───── Dataset records ─────

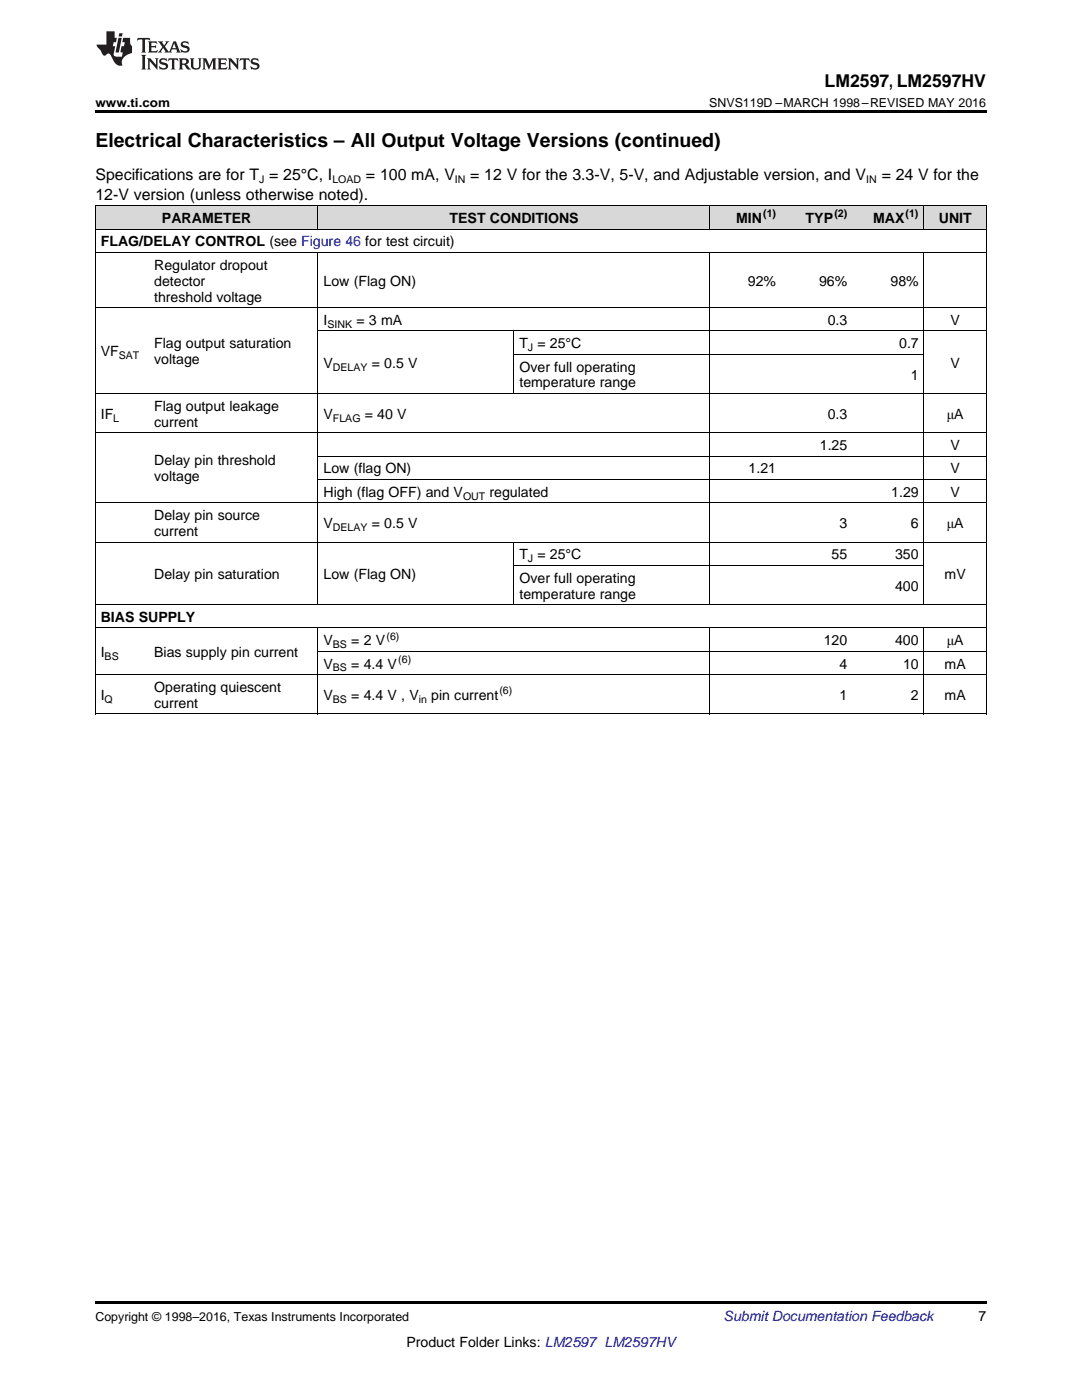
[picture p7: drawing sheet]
<svg xmlns="http://www.w3.org/2000/svg" width="216mm" height="279mm" viewBox="0 0 216 279" stroke-linecap="round" stroke-linejoin="round" font-family="sans-serif">
<defs><g id="words">
<text font-size="3.9" x="19" y="29.3">Electrical Characteristics – All Output Voltage Versions (continued)</text>
<text font-size="3.5" x="164.5" y="17.3">LM2597, LM2597HV</text>
<g font-size="3.2">
<text x="19" y="36">Specifications are for T = 25°C, I</text>
<text x="73" y="36">= 100 mA, V</text>
<text x="93.8" y="36">= 12 V for the 3.3-V, 5-V, and Adjustable version, and V</text>
<text x="175.9" y="36">= 24 V for the</text>
<text x="19" y="39.9">12-V version (unless otherwise noted).</text>
</g>
<g font-size="2.8">
<text x="32.3" y="44.5">PARAMETER</text>
<text x="89.7" y="44.5">TEST CONDITIONS</text>
<text x="146.9" y="44.5">MIN</text>
<text x="160.8" y="44.5">TYP</text>
<text x="174.2" y="44.5">MAX</text>
<text x="187.3" y="44.5">UNIT</text>
<text x="20.1" y="49.2">FLAG/DELAY CONTROL (see Figure 46 for test circuit)</text>
<text x="30.8" y="53.8">Regulator dropout</text>
<text x="30.8" y="57">detector</text>
<text x="64.6" y="57">Low (Flag ON)</text>
<text x="149.2" y="57">92%</text>
<text x="163.4" y="57">96%</text>
<text x="177.7" y="57">98%</text>
<text x="30.8" y="60.2">threshold voltage</text>
<text x="64.6" y="64.8">I</text>
<text x="71.1" y="64.8">= 3 mA</text>
<text x="165.2" y="64.8">0.3</text>
<text x="189.7" y="64.8">V</text>
<text x="20.1" y="71.1">VF</text>
<text x="30.8" y="69.5">Flag output saturation</text>
<text x="103.6" y="69.5">T = 25°C</text>
<text x="179.4" y="69.5">0.7</text>
<text x="30.8" y="72.7">voltage</text>
<text x="64.6" y="73.4">V</text>
<text x="74.2" y="73.4">= 0.5 V</text>
<text x="103.6" y="74.2">Over full operating</text>
<text x="103.6" y="77.3">temperature range</text>
<text x="181.8" y="75.7">1</text>
<text x="189.7" y="73.4">V</text>
<text x="20.1" y="83.6">IF</text>
<text x="30.8" y="82">Flag output leakage</text>
<text x="64.6" y="83.6">V</text>
<text x="72.8" y="83.6">= 40 V</text>
<text x="165.2" y="83.6">0.3</text>
<text x="188.9" y="83.6">μA</text>
<text x="30.8" y="85.2">current</text>
<text x="163.6" y="89.8">1.25</text>
<text x="189.7" y="89.8">V</text>
<text x="30.8" y="92.9">Delay pin threshold</text>
<text x="64.6" y="94.5">Low (flag ON)</text>
<text x="149.4" y="94.5">1.21</text>
<text x="189.7" y="94.5">V</text>
<text x="30.8" y="96.1">voltage</text>
<text x="64.6" y="99.1">High (flag OFF) and V</text>
<text x="97.7" y="99.1">regulated</text>
<text x="177.8" y="99.1">1.29</text>
<text x="189.7" y="99.1">V</text>
<text x="30.8" y="103.8">Delay pin source</text>
<text x="30.8" y="107">current</text>
<text x="64.6" y="105.4">V</text>
<text x="74.2" y="105.4">= 0.5 V</text>
<text x="167.5" y="105.4">3</text>
<text x="181.8" y="105.4">6</text>
<text x="188.9" y="105.4">μA</text>
<text x="103.6" y="111.6">T = 25°C</text>
<text x="165.9" y="111.6">55</text>
<text x="178.6" y="111.6">350</text>
<text x="30.8" y="115.5">Delay pin saturation</text>
<text x="64.6" y="115.5">Low (Flag ON)</text>
<text x="103.6" y="116.3">Over full operating</text>
<text x="103.6" y="119.5">temperature range</text>
<text x="178.6" y="117.9">400</text>
<text x="188.5" y="115.5">mV</text>
<text x="20.1" y="124.1">BIAS SUPPLY</text>
<text x="20.1" y="131.1">I</text>
<text x="30.8" y="131.1">Bias supply pin current</text>
<text x="64.6" y="128.8">V</text>
<text x="70.1" y="128.8">= 2 V</text>
<text x="164.4" y="128.8">120</text>
<text x="178.6" y="128.8">400</text>
<text x="188.9" y="128.8">μA</text>
<text x="64.6" y="133.4">V</text>
<text x="70.1" y="133.4">= 4.4 V</text>
<text x="167.5" y="133.4">4</text>
<text x="180.2" y="133.4">10</text>
<text x="188.5" y="133.4">mA</text>
<text x="20.1" y="139.7">I</text>
<text x="30.8" y="138.1">Operating quiescent</text>
<text x="30.8" y="141.3">current</text>
<text x="64.6" y="139.7">V</text>
<text x="70.1" y="139.7">= 4.4 V , V</text>
<text x="86" y="139.7">pin current</text>
<text x="167.5" y="139.7">1</text>
<text x="181.8" y="139.7">2</text>
<text x="188.5" y="139.7">mA</text>
<text x="195.3" y="263.6">7</text>
<text x="81.1" y="268.9">Product Folder Links: LM2597 LM2597HV</text>
</g>
<text font-size="2.8" fill="#0000c8" x="144.4" y="263.6">Submit Documentation Feedback</text>
<g font-size="2.5">
<text x="19" y="21.4">www.ti.com</text>
<text x="141.5" y="21.4">SNVS119D –MARCH 1998–REVISED MAY 2016</text>
<text x="19" y="263.6">Copyright © 1998–2016, Texas Instruments Incorporated</text>
</g>
<g font-size="2.1">
<text x="51.7" y="36.6">J</text>
<text x="66.3" y="36.6">LOAD</text>
<text x="90.8" y="36.6">IN</text>
<text x="172.9" y="36.6">IN</text>
<text x="152.3" y="43.4">(1)</text>
<text x="166.5" y="43.4">(2)</text>
<text x="180.7" y="43.4">(1)</text>
<text x="65.3" y="65.4">SINK</text>
<text x="23.7" y="71.6">SAT</text>
<text x="105.3" y="70.1">J</text>
<text x="66.4" y="74">DELAY</text>
<text x="22.6" y="84.1">L</text>
<text x="66.4" y="84.1">FLAG</text>
<text x="92.4" y="99.7">OUT</text>
<text x="66.4" y="105.9">DELAY</text>
<text x="105.3" y="112.2">J</text>
<text x="20.9" y="131.7">BS</text>
<text x="66.4" y="129.3">BS</text>
<text x="77.1" y="127.6">(6)</text>
<text x="66.4" y="134">BS</text>
<text x="79.5" y="132.3">(6)</text>
<text x="20.9" y="140.2">Q</text>
<text x="66.4" y="140.2">BS</text>
<text x="83.6" y="140.2">in</text>
<text x="99.7" y="138.5">(6)</text>
</g>
</g></defs>
<g fill="#d8d8d8">
<path d="M19 41.1h10.7v4.7h-10.7z"/>
<path d="M29.7 41.1h33.8v4.7h-33.8z"/>
<path d="M63.5 41.1h39.1v4.7h-39.1z"/>
<path d="M102.6 41.1h39.1v4.7h-39.1z"/>
<path d="M141.7 41.1h14.2v4.7h-14.2z"/>
<path d="M155.9 41.1h14.3v4.7h-14.3z"/>
<path d="M170.2 41.1h14.2v4.7h-14.2z"/>
<path d="M184.4 41.1h12.4v4.7h-12.4z"/>
</g>
<path d="M19 22h177.8v.5h-177.8zM19 259.7h177.8v.5h-177.8z" fill="#000"/>
<g fill="none" stroke="#000" stroke-width=".2">
<path d="M19 41.1h177.8v101.4M19 50.4h177.8M19 45.7h177.8M19.1 41.1v101.4M63.4 41.1v4.7M63.4 50.4v70.3M141.7 41.1v4.7M141.7 50.4v70.3M184.3 41.1v4.7M184.3 50.4v70.3M19 78.5h177.8M19 61.4h177.8"/>
<path d="M63.5 66.1h133.3M102.5 66.1v12.5M102.6 70.7h81.8M19 86.4h177.8M63.5 95.7h133.3M63.5 91h133.3M19 108.2h177.8M19 100.3h177.8M102.5 108.2v12.5M102.6 112.8h81.8M19 134.6h177.8M19 125.3h177.8"/>
<path d="M19 120.7h177.8M63.4 125.4v17.1M63.5 130h133.3M141.7 125.4v17.1M184.3 125.4v17.1M19 142.5h177.8"/>
</g>
<g fill="#231f20">
<path d="M27.5 7.6l-.1 .5 .4-.2h.6v.1v2.1l-.2 .4h1l-.3-.4v-2.1l.1-.1h.5l.5 .2-.2-.5zM29.5 8.3l.2 .3v1.5l-.2 .4h1.8l.2-.6a1.04 1.04 0 0 1-1.3 .2v-.7h.6l.3 .2v-.6l-.3 .2h-.6v-.6l.8-.1 .4 .3-.2-.5zM31.5 8.3l.9 1.1-.9 1.1h.8l-.2-.2 .5-.7 .4 .7-.2 .2h1.5l-.1-.2 .1-.4h.9l.1 .4-.2 .2h1l-.3-.3-.7-1.9h-.5l-.9 2-.8-1 .9-1h-.8l.1 .3-.3 .5-.4-.6 .2-.2zM34.7 8.6l.4 1h-.7zM36.3 8.4a.63 .63 0 0 0-.2 .7 .63 .63 0 0 0 .6 .4l.6 .2 .1 .2a.75 .75 0 0 1-.7 .4 .75 .75 0 0 1-.6-.5l.1 .7 .1-.1a1.11 1.11 0 0 0 1.5-.6 1.13 1.13 0 0 0-1.2-.8l-.1-.4a1.04 1.04 0 0 1 1.2 .2l-.2-.5-.1 .1-.5-.2zM28.2 10.9l.2 .4v2.2l-.2 .4h1l-.3-.4v-2.2l.3-.4zM29.3 11.6l.3 .4v1.5l-.3 .4h.8l-.2-.4v-1.3l1.5 1.7v-1.9l.2-.4h-.7l.2 .4v.9l-1.1-1.3zM32 11.8a.62 .62 0 0 0-.2 .7 .62 .62 0 0 0 .6 .4l.6 .1 .1 .3a.76 .76 0 0 1-.7 .3 .76 .76 0 0 1-.6-.4l.1 .7 .1-.1a1.11 1.11 0 0 0 1.5-.6 1.13 1.13 0 0 0-1.2-.8l-.1-.4a1.04 1.04 0 0 1 1.2 .2l-.2-.6-.1 .1-.5-.1zM33.7 11.6l-.2 .6a.61 .61 0 0 1 .8-.3v1.6l-.2 .4h.9l-.2-.4v-1.6a.63 .63 0 0 1 .8 .3l-.2-.6zM35.6 11.6l.3 .4v1.5l-.3 .4h1l-.2-.2v-.8l.5 .2a.76 .76 0 0 0 1.2 .7l-1-1a.58 .58 0 0 0 .6-.5 .58 .58 0 0 0-.5-.6zM36.4 11.9h.1a.45 .45 0 0 1 .5 .1 .45 .45 0 0 1 .1 .5l-.7 .2zM37.9 11.6l.2 .2a2.17 2.17 0 0 0 .3 1.9 .99 .99 0 0 0 1.6-.6v-1.1l.2-.4h-.7l.2 .2a1.92 1.92 0 0 1-.2 1.8 .6 .6 0 0 1-.9-.5v-1.1l.2-.4zM40.4 11.6l.2 .4v1.5l-.2 .4h.7l-.2-.4v-1.4l.8 1.8 .8-1.8v1.4l-.2 .4h.9l-.2-.4v-1.5l.2-.4h-.8l-.6 1.5-.6-1.5zM43.4 11.6l.2 .4v1.5l-.2 .4h1.8l.2-.6a1.04 1.04 0 0 1-1.3 .1v-.6h.5l.4 .2v-.6l-.4 .2h-.5v-.7h.8l.3 .3-.1-.6zM45.5 11.6l.2 .4v1.5l-.2 .4h.7l-.2-.4v-1.3l1.5 1.7v-1.9l.2-.4h-.7l.2 .4v.9l-1.1-1.3zM47.9 11.6l-.1 .6a.61 .61 0 0 1 .8-.3v1.6l-.3 .4h1l-.3-.4 .1-1.6a.63 .63 0 0 1 .7 .3l-.1-.6zM50.2 11.8a.62 .62 0 0 0-.2 .7 .62 .62 0 0 0 .6 .4l.6 .1 .2 .3a.76 .76 0 0 1-.8 .3 .76 .76 0 0 1-.6-.4l.1 .7 .2-.1a1.11 1.11 0 0 0 1.5-.6 1.13 1.13 0 0 0-1.3-.8l-.1-.4a1.04 1.04 0 0 1 1.2 .2l-.1-.6-.2 .1-.5-.1z"/>
<path d="M21.2 6.3v2.6h-1.9l.1 .4 .7 .9a.91 .91 0 0 0 1 .8 .56 .56 0 0 1 .5-.3 .56 .56 0 0 1 .5 .3l.4 .8a1.53 1.53 0 0 0 1.9 1.2 1.54 1.54 0 0 1 1-2.1l.9-.3v-1.4a1.52 1.52 0 0 1-.3-1.6h-1.4l-.2 .8h.5l-.2 .8h-.4l-.2 1v.2l.4 .1-.2 .8a1.93 1.93 0 0 1-1.6-.3l.3-1.8h-.5l.2-.8h.4l.2-.8h-.4v-1.3zM23.6 7.6l-.6 2.9h.7l.6-2.9zM23.8 6.6l-.1 .7h.6l.2-.7z"/>
</g>
<use href="#words"/>
</svg>

─────

*Problem description*:
Exactly as they appear, transcribe the lines from the top of the material above through the line with "T = 25°C, I</text>". Omit any picture.

*Answer to the exercise*:
[picture p7: drawing sheet]
<svg xmlns="http://www.w3.org/2000/svg" width="216mm" height="279mm" viewBox="0 0 216 279" stroke-linecap="round" stroke-linejoin="round" font-family="sans-serif">
<defs><g id="words">
<text font-size="3.9" x="19" y="29.3">Electrical Characteristics – All Output Voltage Versions (continued)</text>
<text font-size="3.5" x="164.5" y="17.3">LM2597, LM2597HV</text>
<g font-size="3.2">
<text x="19" y="36">Specifications are for T = 25°C, I</text>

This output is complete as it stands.